Free Energy and Statistical Physics
In order to compute the average generalization error for the ensemble, we will use methods first developed for the statistical physics of disordered systems. The general approach is to define a Gibbs measure over our ensemble where the Hamiltonian is replaced with our loss function. The minimum energy of our system corresponds to the correct optimization of our loss function. By calculating quantities using this ensemble and taking the inverse temperature \(\beta \to \infty\), the system concentrates on the set of weights with the lowest training loss, and we can analyze the behavior of the optimized system.
Before we continue, it is necessary to explain the connection between statistical learning problems and statistical physics in slightly more detail.
First, we define a Gibbs measure \[ \mu_\beta( \mathbf{w} | \{ \mathbf{x}^\mu, y^\mu \}) = \frac{1}{\mathcal{Z}_\beta} \exp\left( - \beta \left[ \sum_{\mu=1}^n \ell(y^\mu, \hat{y}^\mu) + \frac{\lambda}{2} ||\mathbf{w}||_2^2 \right] \right) \]

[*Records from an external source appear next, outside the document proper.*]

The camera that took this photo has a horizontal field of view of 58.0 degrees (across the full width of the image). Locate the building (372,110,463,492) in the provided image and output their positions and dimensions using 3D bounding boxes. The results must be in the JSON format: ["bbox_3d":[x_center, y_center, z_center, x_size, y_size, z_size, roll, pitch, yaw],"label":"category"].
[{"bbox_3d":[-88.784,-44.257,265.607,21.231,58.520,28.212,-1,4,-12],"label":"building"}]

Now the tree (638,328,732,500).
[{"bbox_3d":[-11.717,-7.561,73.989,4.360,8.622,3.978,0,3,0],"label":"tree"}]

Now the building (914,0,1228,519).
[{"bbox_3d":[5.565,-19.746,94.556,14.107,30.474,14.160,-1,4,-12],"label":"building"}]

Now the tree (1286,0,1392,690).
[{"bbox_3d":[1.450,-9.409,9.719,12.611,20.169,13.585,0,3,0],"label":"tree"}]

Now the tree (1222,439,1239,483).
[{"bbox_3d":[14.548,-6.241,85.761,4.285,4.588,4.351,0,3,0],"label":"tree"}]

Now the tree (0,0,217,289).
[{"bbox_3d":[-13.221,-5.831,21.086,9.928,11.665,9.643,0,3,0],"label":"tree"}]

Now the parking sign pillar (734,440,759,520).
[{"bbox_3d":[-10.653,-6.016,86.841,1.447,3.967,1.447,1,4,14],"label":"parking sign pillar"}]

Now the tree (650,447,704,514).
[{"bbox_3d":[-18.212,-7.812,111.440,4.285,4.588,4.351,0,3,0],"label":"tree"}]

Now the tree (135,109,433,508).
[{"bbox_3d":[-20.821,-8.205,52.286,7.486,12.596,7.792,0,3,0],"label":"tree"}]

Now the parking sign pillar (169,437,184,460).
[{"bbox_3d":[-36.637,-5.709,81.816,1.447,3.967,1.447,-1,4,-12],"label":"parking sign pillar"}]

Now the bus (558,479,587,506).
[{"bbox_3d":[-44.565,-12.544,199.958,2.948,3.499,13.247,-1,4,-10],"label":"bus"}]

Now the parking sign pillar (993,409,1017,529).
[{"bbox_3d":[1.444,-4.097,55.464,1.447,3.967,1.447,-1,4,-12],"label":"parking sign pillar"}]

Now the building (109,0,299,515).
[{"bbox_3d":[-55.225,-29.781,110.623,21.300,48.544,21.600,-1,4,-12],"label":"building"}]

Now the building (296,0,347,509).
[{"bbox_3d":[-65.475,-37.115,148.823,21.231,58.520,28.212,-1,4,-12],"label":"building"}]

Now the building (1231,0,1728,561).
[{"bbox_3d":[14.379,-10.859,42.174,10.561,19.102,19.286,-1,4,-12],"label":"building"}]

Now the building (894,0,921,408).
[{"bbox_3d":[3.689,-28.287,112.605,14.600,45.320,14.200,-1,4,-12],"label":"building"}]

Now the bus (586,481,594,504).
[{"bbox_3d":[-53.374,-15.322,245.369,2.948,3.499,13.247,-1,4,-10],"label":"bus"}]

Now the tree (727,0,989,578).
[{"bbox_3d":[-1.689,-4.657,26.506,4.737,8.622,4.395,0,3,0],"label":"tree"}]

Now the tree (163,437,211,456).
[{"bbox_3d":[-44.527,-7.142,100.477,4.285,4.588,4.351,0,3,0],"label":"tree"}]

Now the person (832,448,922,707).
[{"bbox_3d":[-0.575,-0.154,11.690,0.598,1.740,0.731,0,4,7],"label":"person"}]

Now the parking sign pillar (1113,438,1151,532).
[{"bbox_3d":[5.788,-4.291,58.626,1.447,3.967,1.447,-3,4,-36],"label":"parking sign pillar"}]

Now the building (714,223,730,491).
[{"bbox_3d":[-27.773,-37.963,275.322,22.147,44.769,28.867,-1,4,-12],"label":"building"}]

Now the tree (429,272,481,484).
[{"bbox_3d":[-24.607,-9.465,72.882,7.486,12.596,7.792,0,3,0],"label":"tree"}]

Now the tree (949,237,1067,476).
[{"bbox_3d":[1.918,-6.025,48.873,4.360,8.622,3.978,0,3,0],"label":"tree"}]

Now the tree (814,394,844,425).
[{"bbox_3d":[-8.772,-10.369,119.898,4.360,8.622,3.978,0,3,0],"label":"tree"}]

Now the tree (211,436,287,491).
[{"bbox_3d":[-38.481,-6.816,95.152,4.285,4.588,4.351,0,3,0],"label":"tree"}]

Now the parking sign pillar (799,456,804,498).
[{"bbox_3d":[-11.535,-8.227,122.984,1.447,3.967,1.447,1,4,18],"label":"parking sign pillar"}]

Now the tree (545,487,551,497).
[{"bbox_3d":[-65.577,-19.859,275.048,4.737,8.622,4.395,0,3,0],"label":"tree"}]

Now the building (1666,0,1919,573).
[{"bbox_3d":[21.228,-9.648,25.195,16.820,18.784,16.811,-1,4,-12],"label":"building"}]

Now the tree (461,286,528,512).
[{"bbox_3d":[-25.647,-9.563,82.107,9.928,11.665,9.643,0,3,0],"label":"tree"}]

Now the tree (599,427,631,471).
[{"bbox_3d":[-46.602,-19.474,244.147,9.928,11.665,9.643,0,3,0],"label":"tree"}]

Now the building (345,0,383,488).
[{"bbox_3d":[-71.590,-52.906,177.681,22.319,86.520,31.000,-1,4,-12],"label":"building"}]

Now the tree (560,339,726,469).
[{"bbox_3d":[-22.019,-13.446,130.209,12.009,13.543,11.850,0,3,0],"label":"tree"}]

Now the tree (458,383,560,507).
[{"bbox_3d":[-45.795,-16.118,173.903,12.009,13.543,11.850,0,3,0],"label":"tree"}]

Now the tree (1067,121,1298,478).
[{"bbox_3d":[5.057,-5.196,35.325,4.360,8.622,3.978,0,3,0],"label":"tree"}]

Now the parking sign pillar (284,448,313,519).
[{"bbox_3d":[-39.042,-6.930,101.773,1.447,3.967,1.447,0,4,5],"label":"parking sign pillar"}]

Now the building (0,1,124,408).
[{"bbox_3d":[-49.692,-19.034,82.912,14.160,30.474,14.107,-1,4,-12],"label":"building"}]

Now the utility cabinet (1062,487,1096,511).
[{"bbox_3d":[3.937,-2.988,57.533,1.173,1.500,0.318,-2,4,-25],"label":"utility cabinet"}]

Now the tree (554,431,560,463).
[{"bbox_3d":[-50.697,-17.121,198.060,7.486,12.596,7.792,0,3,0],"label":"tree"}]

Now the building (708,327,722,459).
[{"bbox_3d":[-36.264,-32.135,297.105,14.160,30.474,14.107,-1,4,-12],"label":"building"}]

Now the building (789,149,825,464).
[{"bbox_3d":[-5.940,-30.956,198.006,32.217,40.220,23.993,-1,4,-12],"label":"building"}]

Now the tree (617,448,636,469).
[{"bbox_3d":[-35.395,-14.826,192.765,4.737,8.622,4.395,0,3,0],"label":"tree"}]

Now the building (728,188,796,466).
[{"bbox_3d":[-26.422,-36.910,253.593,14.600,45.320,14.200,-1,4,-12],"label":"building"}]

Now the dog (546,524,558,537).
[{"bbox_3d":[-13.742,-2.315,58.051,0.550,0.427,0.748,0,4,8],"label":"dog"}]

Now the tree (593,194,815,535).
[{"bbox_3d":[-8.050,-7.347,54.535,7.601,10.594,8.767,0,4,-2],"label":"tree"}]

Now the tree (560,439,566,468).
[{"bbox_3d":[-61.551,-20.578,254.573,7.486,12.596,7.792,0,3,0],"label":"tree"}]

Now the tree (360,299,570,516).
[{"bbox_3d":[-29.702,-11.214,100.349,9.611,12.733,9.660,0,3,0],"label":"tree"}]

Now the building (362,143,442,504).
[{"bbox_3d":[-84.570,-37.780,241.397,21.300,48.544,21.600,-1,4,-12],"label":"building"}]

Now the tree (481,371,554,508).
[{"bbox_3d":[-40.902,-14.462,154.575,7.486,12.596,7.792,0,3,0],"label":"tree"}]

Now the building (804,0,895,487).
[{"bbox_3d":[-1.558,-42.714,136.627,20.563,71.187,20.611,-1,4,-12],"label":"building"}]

In a twist which is either completely trivial or incredibly deep, the Gibbs measure can be rewritten in the form of a Gibbs ensemble. The Gibbs measure exactly corresponds to the posterior in a Bayesian model: \[ \underbrace{\mu_\beta( \mathbf{w} | \{ \mathbf{x}^\mu, y^\mu \})}_{\text{Posterior} \quad P(\mathbf{w} | \mathcal{D}) } = \underbrace{\prod_{\mu = 1}^n \frac{1}{\mathcal{Z}_\beta} \exp\left( - \beta \sum_{\mu=1}^n \ell(y^\mu, \hat{y}^\mu) \right)}_{\text{Likelihood} \quad P(\mathcal{D} | \mathbf{w}) } \underbrace{\prod_{i = 1}^p \exp\left( - \beta \frac{\lambda}{2} ||\mathbf{w}||_2^2 \right)}_{\text{Prior} \quad P(\mathbf{w})} \]
So we can then define the free energy density \[ f_\beta(\mathcal{D}) = -\frac{1}{\beta p} \ln \mathcal{Z}_\beta \]
Suppressing the \(\mathcal{D}\) dependence, we can write \[ \ln \mathcal{Z}_\beta = e^{- p \beta f_\beta} \]
In a standard result from statistical physics, we can show that deviations from the average for the free energy density \(f_\beta\) are exponentially rare. The quantity is self-averaging. \[ P(f) \sim \exp(p \Phi(f)) \]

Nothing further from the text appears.